Fic Tennis, Twelfth Match

allrightfine:

Because we wanted to, Allison (gallifreyburning) and I are doing a fic tennis match that isn’t Gallifrey Records themed. We’re returning to our TenToo and Rose fic tennis roots. If you’d not like to see these roots, you should go ahead and savior “fic tennis.”

It’s my serve, so:

gallifreyburning:

The minute they hit Bergen and Rose’s mobile locks onto a satellite signal, her screen lights up with missed messages. Messages that, apparently, didn’t make the dimension jump to another universe with her.

The little flashing notifications make Rose’s stomach churn, because she can begin to guess whose voices are on the other end of those voicemails, and she doesn’t have the stamina to listen to them anytime soon.

The Doctor leans over as they walk into the dirigiport, heading for the flight home to London. “Got tired of universal roaming?” he says. “A bit of shiny Torchwood tech?”

She flicks the button to dim the screen and crams the newer mobile in her pocket. “I’ve still got my old one,” she says, pulling it out instead. The battered, scratched screen lights up when she flips it open. “See? But the new one, it’s because I needed a local number.”

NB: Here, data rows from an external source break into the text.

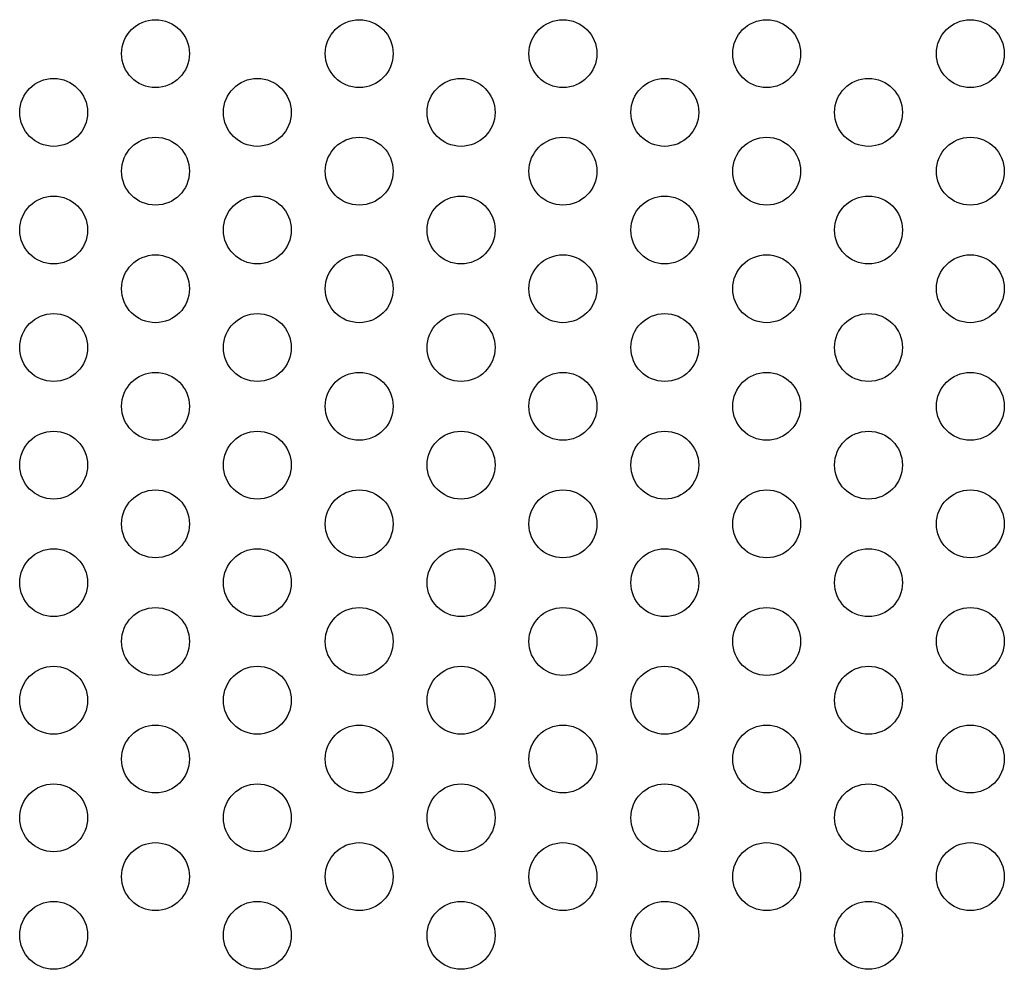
# Model space of a CAD drawing. Header units: inches. Extents: x -2.94 to 0.69, y -2.78 to 0.71.
import ezdxf

# ---------------------------------------------------------------- set-up
doc = ezdxf.new("R2010")
doc.units = ezdxf.units.IN
doc.header["$LTSCALE"] = 0.03937
doc.header["$MEASUREMENT"] = 0
doc.layers.add('Default', color=96, linetype='Continuous', true_color=0x007f00)

msp = doc.modelspace()

# ---------------------------------------------------------------- linework, layer by layer
at = {"layer": 'Default'}
for centre in [(-2.4375, 0.5877, -0.5625), (-1.6875, 0.5877, -0.5625), (-0.9375, 0.5877, -0.5625), (-0.1875, 0.5877, -0.5625), (0.5625, 0.5877, -0.5625), (-2.8125, 0.3712, -0.5625), (-2.0625, 0.3712, -0.5625), (-1.3125, 0.3712, -0.5625), (-0.5625, 0.3712, -0.5625), (0.1875, 0.3712, -0.5625), (-2.4375, 0.1547, -0.5625), (-1.6875, 0.1547, -0.5625), (-0.9375, 0.1547, -0.5625), (-0.1875, 0.1547, -0.5625), (0.5625, 0.1547, -0.5625), (-2.8125, -0.0618, -0.5625), (-2.0625, -0.0618, -0.5625), (-1.3125, -0.0618, -0.5625), (-0.5625, -0.0618, -0.5625), (0.1875, -0.0618, -0.5625), (-2.4375, -0.2783, -0.5625), (-1.6875, -0.2783, -0.5625), (-0.9375, -0.2783, -0.5625), (-0.1875, -0.2783, -0.5625), (0.5625, -0.2783, -0.5625), (-2.8125, -0.4948, -0.5625), (-2.0625, -0.4948, -0.5625), (-1.3125, -0.4948, -0.5625), (-0.5625, -0.4948, -0.5625), (0.1875, -0.4948, -0.5625), (-2.4375, -0.7113, -0.5625), (-1.6875, -0.7113, -0.5625), (-0.9375, -0.7113, -0.5625), (-0.1875, -0.7113, -0.5625), (0.5625, -0.7113, -0.5625), (-2.8125, -0.9279, -0.5625), (-2.0625, -0.9279, -0.5625), (-1.3125, -0.9279, -0.5625), (-0.5625, -0.9279, -0.5625), (0.1875, -0.9279, -0.5625), (-2.4375, -1.1444, -0.5625), (-1.6875, -1.1444, -0.5625), (-0.9375, -1.1444, -0.5625), (-0.1875, -1.1444, -0.5625), (0.5625, -1.1444, -0.5625), (-2.8125, -1.3609, -0.5625), (-2.0625, -1.3609, -0.5625), (-1.3125, -1.3609, -0.5625), (-0.5625, -1.3609, -0.5625), (0.1875, -1.3609, -0.5625), (-2.4375, -1.5774, -0.5625), (-1.6875, -1.5774, -0.5625), (-0.9375, -1.5774, -0.5625), (-0.1875, -1.5774, -0.5625), (0.5625, -1.5774, -0.5625), (-2.8125, -1.7939, -0.5625), (-2.0625, -1.7939, -0.5625), (-1.3125, -1.7939, -0.5625), (-0.5625, -1.7939, -0.5625), (0.1875, -1.7939, -0.5625), (-2.4375, -2.0104, -0.5625), (-1.6875, -2.0104, -0.5625), (-0.9375, -2.0104, -0.5625), (-0.1875, -2.0104, -0.5625), (0.5625, -2.0104, -0.5625), (-2.8125, -2.2269, -0.5625), (-2.0625, -2.2269, -0.5625), (-1.3125, -2.2269, -0.5625), (-0.5625, -2.2269, -0.5625), (0.1875, -2.2269, -0.5625), (-2.4375, -2.4434, -0.5625), (-1.6875, -2.4434, -0.5625), (-0.9375, -2.4434, -0.5625), (-0.1875, -2.4434, -0.5625), (0.5625, -2.4434, -0.5625), (-2.8125, -2.6599, -0.5625), (-2.0625, -2.6599, -0.5625), (-1.3125, -2.6599, -0.5625), (-0.5625, -2.6599, -0.5625), (0.1875, -2.6599, -0.5625)]:
    msp.add_circle(centre, 0.125, dxfattribs=at)

doc.saveas('drawing.dxf')

“Ooh, but they don’t make them like this anymore,” the Doctor says, plucking the old mobile from her hand and inspecting it. “Like tanks, these older models. Those new flashy ones” – he gestures toward her pocket – “bit of a bump, and they’re deader than a doornail. Nearly universally true: earlier models are sturdier than newer ones. VanVeldenberg’s Principle, it’s called. Take my TARDIS, Type 40. Anything after the Type 57 was pure rubbish. Type 103 had a lot of flash and dazzle, but the slightest miscalibration in her temporal buffers and she’d break down for weeks. Welllll, when I say break down, I mean she’d just refuse to fly – 103s were notorious for being touchy, a bit emotionally sensitive, y’see. Nope, you just don’t get much better than a good old Type 40 for reliable time travel.”

Rose stares up at him, her mouth hanging open a little. Because he sounds like the other Doctor – so much, it makes her stomach start churning again.

And it’s obvious that, for a moment, he’s not thinking about the fact that the TARDIS is off in another universe with the proper Time Lord; he’s talking as though he and Rose are going to round the corner and hop right inside those blue doors and head off to visit Genghis Khan (if this universe even had a Genghis Kahn, Rose isn’t sure, because she’s spent the last few years studying theoretical physics and transdimensional travel instead of history).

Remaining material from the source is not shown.